Einleitung: Digital History
  • Ulrich Fritsche

    Ulrich Fritsche studied economics at Freie Universität Berlin (1996 Dipl.-Vw., 2003 Dr. rer. pol.) Freelancer at the HWWA-Institute in Hamburg in 1997, staff member at DIW Berlin (1998-2008) with focus on transition and developing countries, business cycle analysis and forecasting as well as empirical economic research and quantitative methods. In 2003, he worked at UNCTAD in Geneva. In 2005, he became an assistant professor and in 2009 a full professor at the University of Hamburg. Visiting positions at the IMF and KOF ETH Zurich. For several years, more intensive involvement with quantitative computer-assisted text analysis in research.

    EMAIL logo
    and Mark Spoerer

    Mark Spoerer studied history and economics in Bonn (1987 M.A., 1991 Dipl.-Vw.). Academic visits in Barcelona (1998) and Paris (2006, 2008-11). Since 2011, holder of the newly created Chair of Economic and Social History at the Institute of History of the University of Regensburg. Since 2017 chairman of the Gesellschaft für Sozial- und Wirtschaftsgeschichte (GSWG), since 2018 managing editor of the Vierteljahrschrift für Sozial- und Wirtschaftsgeschichte (VSWG). Research interests include economic, business, and social history of Germany and Europe since the late 18th century.

Abstract

New digital methods are currently enhancing the historian’s toolbox fundamentally. This thematic issue is a collection of papers discussing case studies in the fields of digitization, optical character recognition, distant reading, text mining, network analysis, and historical geographical information systems. The papers discuss opportunities and limitations in the application of digital methods in historical studies and point out fields of future applications.

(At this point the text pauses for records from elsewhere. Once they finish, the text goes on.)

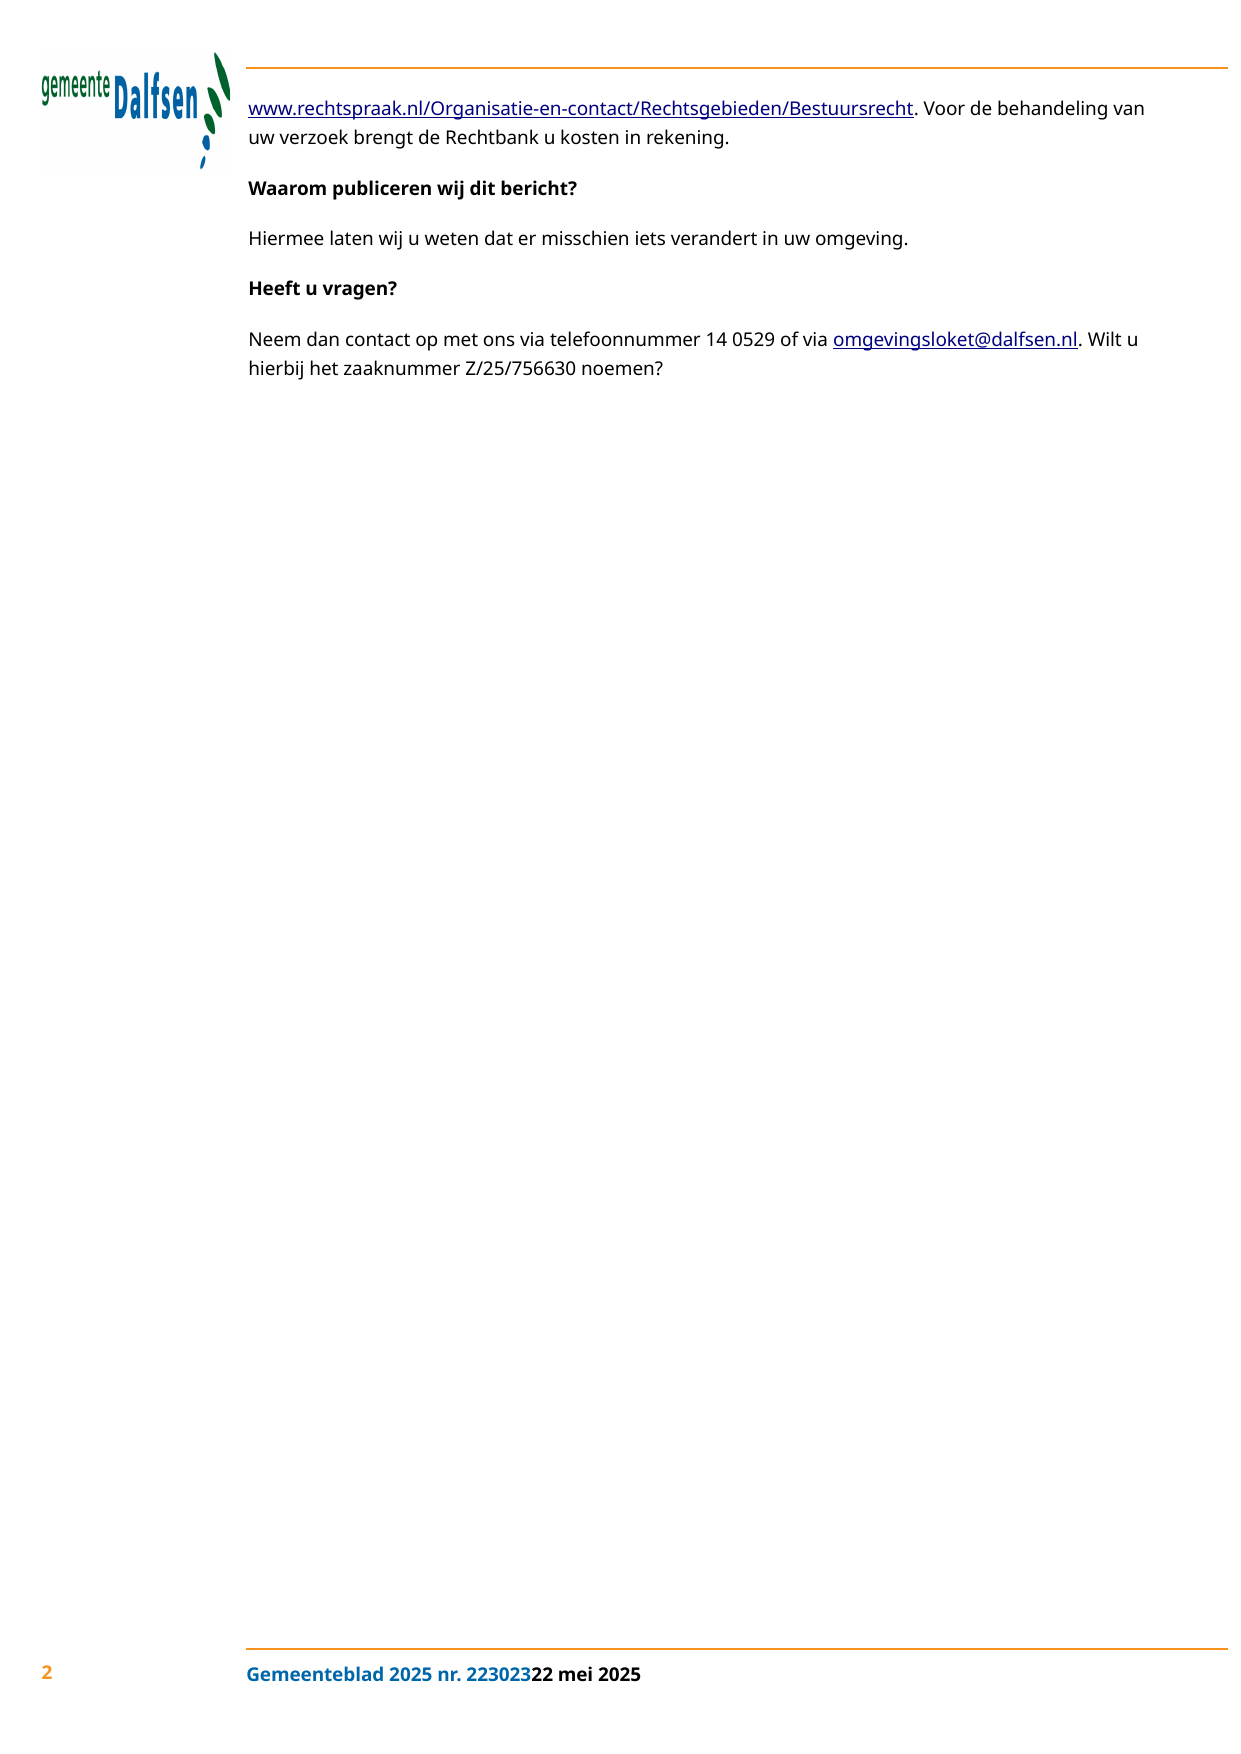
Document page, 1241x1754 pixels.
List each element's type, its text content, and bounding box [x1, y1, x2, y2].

text Waarom publiceren wij dit bericht? [248, 175, 1152, 201]
text Heeft u vragen? [248, 276, 1152, 301]
text Hiermee laten wij u weten dat er misschien iets verandert in uw omgeving. [248, 225, 1152, 251]
picture [41, 47, 231, 172]
text www.rechtspraak.nl/Organisatie-en-contact/Rechtsgebieden/Bestuursrecht. Voor de behandeling van uw verzoek brengt de Rechtbank u kosten in rekening. [248, 95, 1152, 150]
text Neem dan contact op met ons via telefoonnummer 14 0529 of via omgevingsloket@dalfsen.nl. Wilt u hierbij het zaaknummer Z/25/756630 noemen? [248, 326, 1152, 381]

JEL Classification: C 49; C 88; N 01

In Google’s Ngram Viewer, the keyword “digital history” first appears in 1993, then again in 2000 and 2003, and from 2006 onward it had a steep career that continues to this day. [1] As early as in the 1990s, institutions emerged in the United States that took it upon themselves to make historical documents accessible to a broad interested public via the emerging and rapidly expanding World Wide Web, such as the Virginia Center for Digital History.

While such an understanding of the subject goes in the direction of public history, digital history can also be read as a methodological programme, as formulated by Hannu Salmi, for example:

“Digital history is an approach to examining and representing the past; it uses new communication technologies and media applications and experiments with computational methods for the analysis, production and dissemination of historical knowledge.” [2]

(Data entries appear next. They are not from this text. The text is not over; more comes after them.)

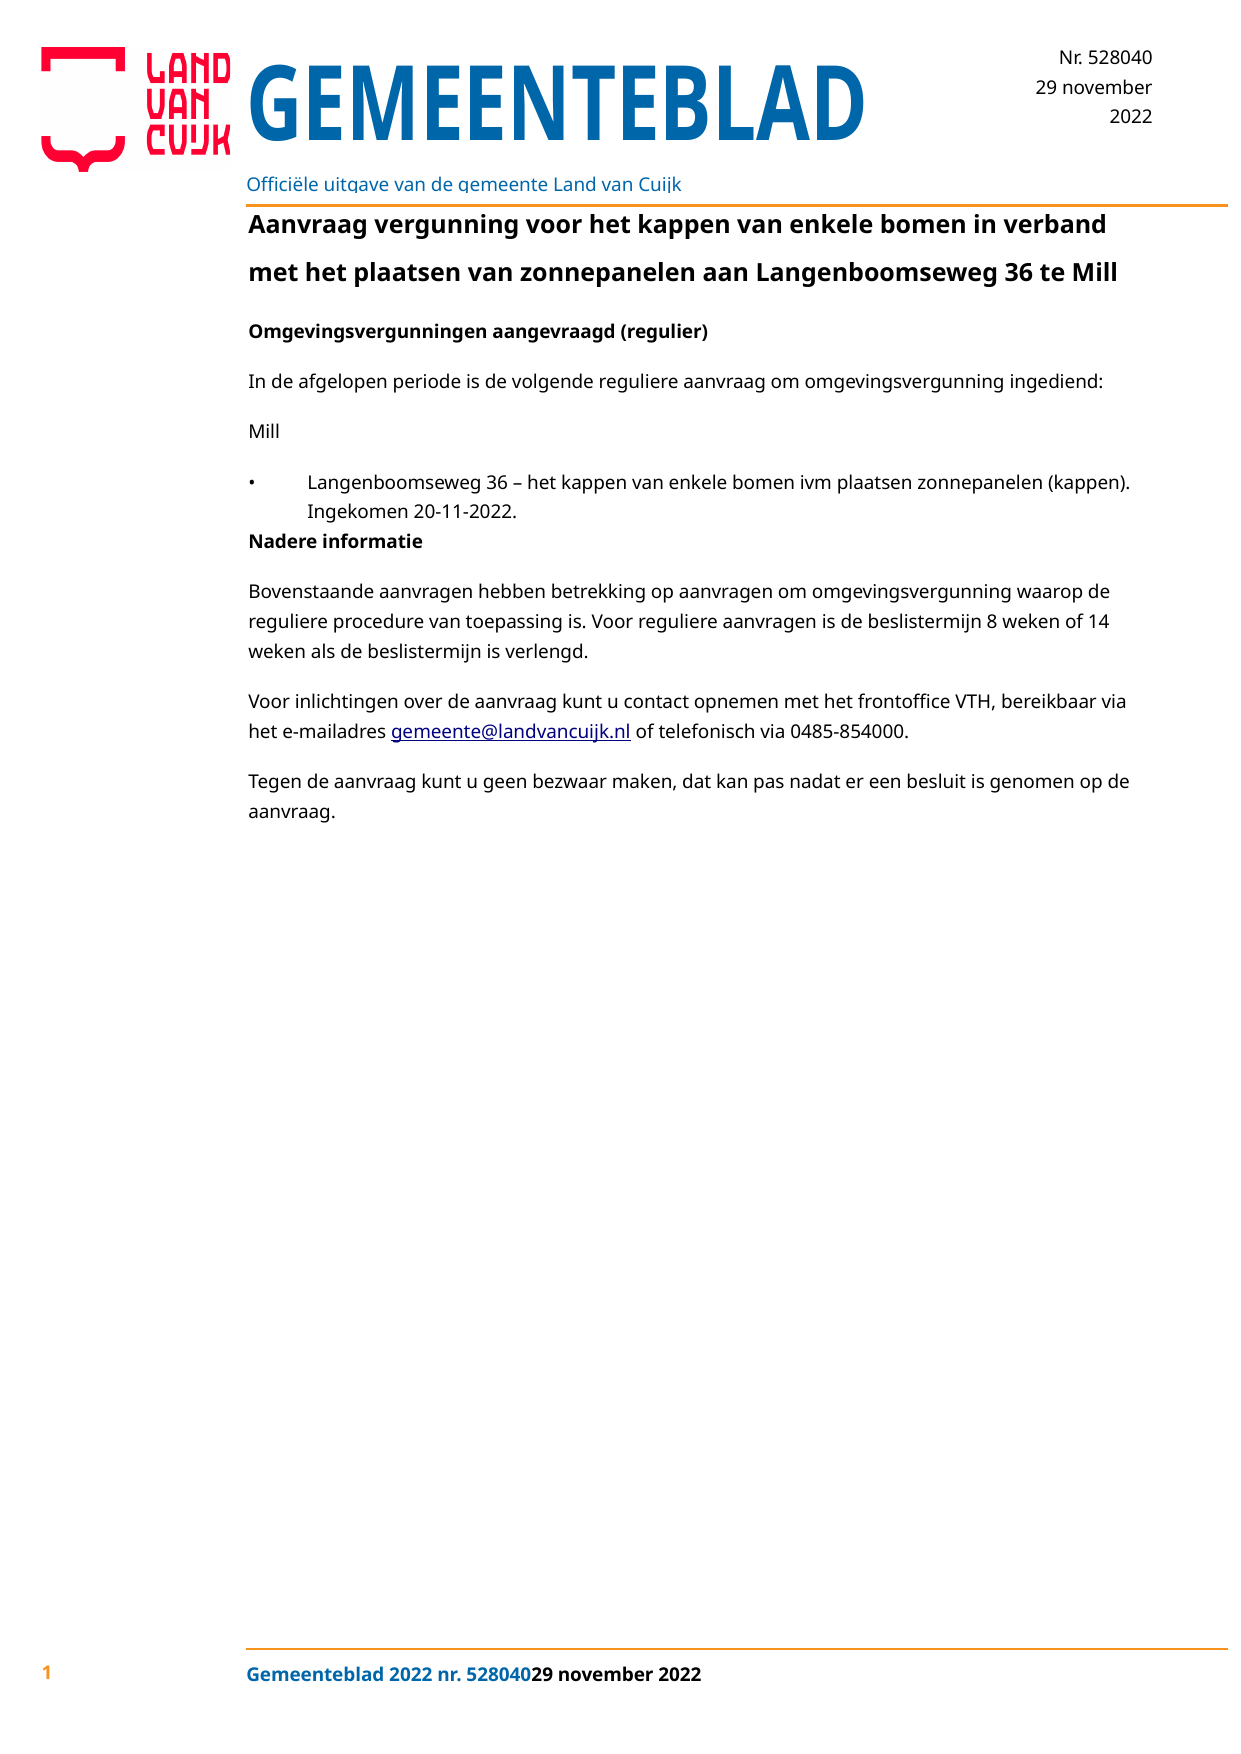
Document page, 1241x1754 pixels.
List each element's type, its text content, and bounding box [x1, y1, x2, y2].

text Mill [248, 419, 1152, 444]
picture [41, 47, 231, 172]
text Aanvraag vergunning voor het kappen van enkele bomen in verband met het plaatsen van zonnepanelen aan Langenboomseweg 36 te Mill [248, 207, 1152, 288]
text Tegen de aanvraag kunt u geen bezwaar maken, dat kan pas nadat er een besluit is genomen op de aanvraag. [248, 768, 1152, 824]
text Bovenstaande aanvragen hebben betrekking op aanvragen om omgevingsvergunning waarop de reguliere procedure van toepassing is. Voor reguliere aanvragen is de beslistermijn 8 weken of 14 weken als de beslistermijn is verlengd. [248, 579, 1152, 664]
text Nadere informatie [248, 528, 1152, 554]
list Langenboomseweg 36 – het kappen van enkele bomen ivm plaatsen zonnepanelen (kappen). Ingekomen 20-11-2022. [248, 469, 1152, 524]
text In de afgelopen periode is de volgende reguliere aanvraag om omgevingsvergunning ingediend: [248, 368, 1152, 394]
text Voor inlichtingen over de aanvraag kunt u contact opnemen met het frontoffice VTH, bereikbaar via het e-mailadres gemeente@landvancuijk.nl of telefonisch via 0485-854000. [248, 688, 1152, 744]
text Omgevingsvergunningen aangevraagd (regulier) [248, 318, 1152, 344]

He thus distinguishes representation or visualization of history on the one hand and new historiographical methods on the other. In a similar vein, Torsten Hiltmann distinguishes medial digitality from conceptual digitality. [3] We are interested in the latter: Experiments with computational methods for the analysis, production and dissemination of historical knowledge are the focus of this thematic issue of the Yearbook.

The workshop “Digital Methods in History and Economics”, held in virtual space in October 14th and 15th, 2022, was as an integral part of the DFG priority programme 1859 “Experience & Expectation: Historical Foundations of Economic Behaviour”. The workshop aimed to bring together and to discuss different applications of digital methods with scholars from different disciplinary backgrounds with a special emphasis on “text as data”. The purpose of this interdisciplinary workshop was to foster the exchange between the different fields and the exchange between the researchers involved in the priority programme with external scholars. Several essays presented and discussed during the workshop have found their way into this issue.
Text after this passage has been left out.